On a recensé seulement un cas où une entreprise a fait face à la possibilité de sanctions en vertu de cette politique depuis l’adoption de cette dernière en 2014. La personne-ressource nationale de l’OCDE au Canada a déclaré en 2015 que le refus de China Gold d’accepter la médiation serait « pris en considération » par le ministère du Commerce ou l’organisme de crédit à l’exportation si l’entreprise présente une demande d’aide financière. La plainte déposée contre l’entreprise alléguait que les pratiques de cette dernière avaient entraîné la mort de 83 travailleurs. Pour continuer d’être admissible aux services du gouvernement, China Gold n’est pas tenue de démontrer que ces allégations sont fausses ni de rendre ses activités conformes aux normes de l’OCDE. Tout ce qui est exigé de l’entreprise, c’est de prendre part à un dialogue.

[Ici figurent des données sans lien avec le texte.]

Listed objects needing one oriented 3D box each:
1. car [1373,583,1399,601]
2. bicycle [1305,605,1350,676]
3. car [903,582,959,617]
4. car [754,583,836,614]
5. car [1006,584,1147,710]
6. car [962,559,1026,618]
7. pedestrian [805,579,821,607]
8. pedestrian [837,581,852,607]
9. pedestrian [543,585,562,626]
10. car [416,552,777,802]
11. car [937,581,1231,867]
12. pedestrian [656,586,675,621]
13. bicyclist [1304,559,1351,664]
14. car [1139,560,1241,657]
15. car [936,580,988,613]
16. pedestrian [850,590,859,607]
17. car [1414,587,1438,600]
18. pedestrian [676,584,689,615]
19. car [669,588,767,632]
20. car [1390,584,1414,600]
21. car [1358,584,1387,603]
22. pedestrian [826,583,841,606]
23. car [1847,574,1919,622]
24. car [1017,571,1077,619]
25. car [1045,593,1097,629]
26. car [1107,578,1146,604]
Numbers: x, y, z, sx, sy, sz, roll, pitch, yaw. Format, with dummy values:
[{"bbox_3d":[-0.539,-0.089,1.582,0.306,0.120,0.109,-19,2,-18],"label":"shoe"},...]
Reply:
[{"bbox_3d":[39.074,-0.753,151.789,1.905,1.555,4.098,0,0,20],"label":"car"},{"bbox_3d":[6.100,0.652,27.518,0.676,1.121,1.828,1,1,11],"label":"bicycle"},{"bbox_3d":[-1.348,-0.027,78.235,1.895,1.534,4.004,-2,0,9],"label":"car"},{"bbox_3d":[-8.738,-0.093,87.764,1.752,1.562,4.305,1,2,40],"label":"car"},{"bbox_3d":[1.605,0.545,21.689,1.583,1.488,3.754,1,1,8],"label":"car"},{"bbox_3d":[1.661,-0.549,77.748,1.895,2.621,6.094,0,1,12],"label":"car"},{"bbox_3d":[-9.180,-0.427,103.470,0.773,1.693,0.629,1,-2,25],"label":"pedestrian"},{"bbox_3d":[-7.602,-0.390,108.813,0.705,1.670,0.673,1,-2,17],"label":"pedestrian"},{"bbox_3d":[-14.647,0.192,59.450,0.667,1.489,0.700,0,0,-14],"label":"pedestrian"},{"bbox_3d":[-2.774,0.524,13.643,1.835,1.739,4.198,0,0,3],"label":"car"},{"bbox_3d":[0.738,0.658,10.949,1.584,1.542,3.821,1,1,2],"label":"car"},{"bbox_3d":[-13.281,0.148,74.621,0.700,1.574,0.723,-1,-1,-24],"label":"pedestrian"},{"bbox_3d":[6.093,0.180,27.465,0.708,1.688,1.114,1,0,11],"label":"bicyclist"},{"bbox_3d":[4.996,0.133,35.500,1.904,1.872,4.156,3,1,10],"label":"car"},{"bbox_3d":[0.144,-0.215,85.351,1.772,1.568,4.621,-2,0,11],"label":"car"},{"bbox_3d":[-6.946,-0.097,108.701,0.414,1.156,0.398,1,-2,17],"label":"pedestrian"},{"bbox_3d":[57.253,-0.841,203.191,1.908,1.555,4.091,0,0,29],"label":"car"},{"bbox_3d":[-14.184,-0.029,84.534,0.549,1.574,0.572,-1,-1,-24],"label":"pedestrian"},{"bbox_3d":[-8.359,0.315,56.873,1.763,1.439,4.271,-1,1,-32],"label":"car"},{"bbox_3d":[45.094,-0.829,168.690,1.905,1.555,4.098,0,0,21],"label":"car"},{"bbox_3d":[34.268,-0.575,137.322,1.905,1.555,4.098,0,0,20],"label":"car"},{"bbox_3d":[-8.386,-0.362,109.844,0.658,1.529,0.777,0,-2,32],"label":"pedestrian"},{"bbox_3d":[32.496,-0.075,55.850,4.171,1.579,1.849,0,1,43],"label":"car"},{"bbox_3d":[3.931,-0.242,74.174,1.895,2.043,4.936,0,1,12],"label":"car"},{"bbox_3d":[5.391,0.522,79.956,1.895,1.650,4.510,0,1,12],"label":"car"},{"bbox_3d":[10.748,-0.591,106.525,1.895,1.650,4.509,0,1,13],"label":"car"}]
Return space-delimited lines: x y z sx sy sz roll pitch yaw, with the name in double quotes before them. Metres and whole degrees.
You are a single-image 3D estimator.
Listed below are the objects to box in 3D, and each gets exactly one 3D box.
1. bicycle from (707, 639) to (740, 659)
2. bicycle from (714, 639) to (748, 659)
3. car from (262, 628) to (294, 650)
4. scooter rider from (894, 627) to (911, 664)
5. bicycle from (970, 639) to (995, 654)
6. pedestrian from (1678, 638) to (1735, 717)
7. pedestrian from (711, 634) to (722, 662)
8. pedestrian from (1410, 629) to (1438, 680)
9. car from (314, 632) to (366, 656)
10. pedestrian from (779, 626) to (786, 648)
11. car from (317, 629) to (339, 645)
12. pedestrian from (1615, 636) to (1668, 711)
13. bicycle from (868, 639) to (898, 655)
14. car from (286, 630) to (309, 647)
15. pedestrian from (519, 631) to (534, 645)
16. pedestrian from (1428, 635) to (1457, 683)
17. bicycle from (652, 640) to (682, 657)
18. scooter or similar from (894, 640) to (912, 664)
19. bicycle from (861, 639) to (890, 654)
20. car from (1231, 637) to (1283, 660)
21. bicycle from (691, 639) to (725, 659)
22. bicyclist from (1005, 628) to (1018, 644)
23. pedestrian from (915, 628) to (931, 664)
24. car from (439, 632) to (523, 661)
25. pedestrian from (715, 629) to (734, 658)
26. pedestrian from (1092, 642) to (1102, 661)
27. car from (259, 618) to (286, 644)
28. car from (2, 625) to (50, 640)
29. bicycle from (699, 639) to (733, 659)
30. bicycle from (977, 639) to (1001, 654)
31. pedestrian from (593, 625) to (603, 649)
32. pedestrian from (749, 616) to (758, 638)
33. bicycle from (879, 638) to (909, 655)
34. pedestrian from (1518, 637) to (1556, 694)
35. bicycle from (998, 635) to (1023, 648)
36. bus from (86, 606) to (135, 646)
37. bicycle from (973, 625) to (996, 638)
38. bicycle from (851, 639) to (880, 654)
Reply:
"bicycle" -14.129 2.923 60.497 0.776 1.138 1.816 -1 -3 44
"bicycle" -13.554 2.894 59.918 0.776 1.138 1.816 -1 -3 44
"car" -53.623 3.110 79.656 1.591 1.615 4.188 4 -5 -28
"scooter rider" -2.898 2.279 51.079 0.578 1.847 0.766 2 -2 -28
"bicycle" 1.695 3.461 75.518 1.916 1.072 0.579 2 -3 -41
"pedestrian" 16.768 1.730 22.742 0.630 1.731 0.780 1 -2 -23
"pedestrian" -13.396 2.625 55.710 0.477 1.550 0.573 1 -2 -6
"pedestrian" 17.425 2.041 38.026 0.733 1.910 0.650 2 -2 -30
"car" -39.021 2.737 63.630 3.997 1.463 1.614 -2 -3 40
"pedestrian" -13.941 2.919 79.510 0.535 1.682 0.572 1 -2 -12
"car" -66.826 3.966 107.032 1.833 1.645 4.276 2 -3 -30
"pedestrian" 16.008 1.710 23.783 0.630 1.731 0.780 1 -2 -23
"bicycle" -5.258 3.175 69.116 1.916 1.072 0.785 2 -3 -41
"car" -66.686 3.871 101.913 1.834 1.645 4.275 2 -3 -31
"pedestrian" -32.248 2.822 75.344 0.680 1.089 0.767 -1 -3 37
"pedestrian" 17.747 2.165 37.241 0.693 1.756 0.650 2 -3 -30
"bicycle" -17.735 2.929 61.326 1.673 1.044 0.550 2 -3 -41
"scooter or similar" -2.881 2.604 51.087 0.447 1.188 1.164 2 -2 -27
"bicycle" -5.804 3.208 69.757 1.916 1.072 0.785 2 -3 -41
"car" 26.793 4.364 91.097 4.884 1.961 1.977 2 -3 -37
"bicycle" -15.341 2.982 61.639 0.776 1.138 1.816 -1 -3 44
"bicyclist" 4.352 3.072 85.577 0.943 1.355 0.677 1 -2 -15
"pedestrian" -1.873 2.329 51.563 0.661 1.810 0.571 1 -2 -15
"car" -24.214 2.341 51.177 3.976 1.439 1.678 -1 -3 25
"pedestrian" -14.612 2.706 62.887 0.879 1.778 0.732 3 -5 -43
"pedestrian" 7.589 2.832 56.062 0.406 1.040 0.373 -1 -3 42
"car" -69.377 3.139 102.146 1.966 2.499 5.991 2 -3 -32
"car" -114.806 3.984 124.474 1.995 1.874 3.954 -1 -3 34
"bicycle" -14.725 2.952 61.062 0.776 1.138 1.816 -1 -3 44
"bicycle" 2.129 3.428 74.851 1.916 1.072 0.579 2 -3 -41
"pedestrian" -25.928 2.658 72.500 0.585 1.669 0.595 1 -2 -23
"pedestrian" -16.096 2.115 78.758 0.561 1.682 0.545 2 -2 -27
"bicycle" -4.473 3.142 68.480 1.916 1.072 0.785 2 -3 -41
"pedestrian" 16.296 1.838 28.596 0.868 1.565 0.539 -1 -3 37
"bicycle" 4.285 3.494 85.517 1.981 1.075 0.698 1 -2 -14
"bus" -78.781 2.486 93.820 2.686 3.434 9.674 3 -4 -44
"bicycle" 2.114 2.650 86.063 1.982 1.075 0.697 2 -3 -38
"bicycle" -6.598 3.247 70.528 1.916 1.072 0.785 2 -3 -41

Alors que le Canada se contente d’imposer une modeste amende aux entreprises qui refusent de participer à un dialogue, d’autres pays infligent des amendes aux entreprises qui commettent des gestes répréhensibles causant des torts. S’il veut rétablir sa réputation comme chef de file mondial en matière de droits de la personne, le Canada doit aller au-delà du dialogue et prendre des mesures rigoureuses concernant la responsabilisation.

Karyn Keenan est la directrice d’Above Ground, un ONG qui veille à ce que les entreprises établies au Canada ou appuyées par l’État canadien respectent les droits de la personne, peu importe où se déroulent leurs activités. Above Ground fait enquête sur les répercussions des activités des entreprises canadiennes à l’étranger, propose des solutions pour la responsabilisation des entreprises au Canada et encourage le gouvernement canadien à s’acquitter de son devoir juridique de prévenir les violations des droits de la personne par le secteur privé et de donner accès à la justice aux victimes de ces violations.

Karyn était également stagiaire et conseillère en projets spéciaux à l’ACDE vers la fin des années 1990.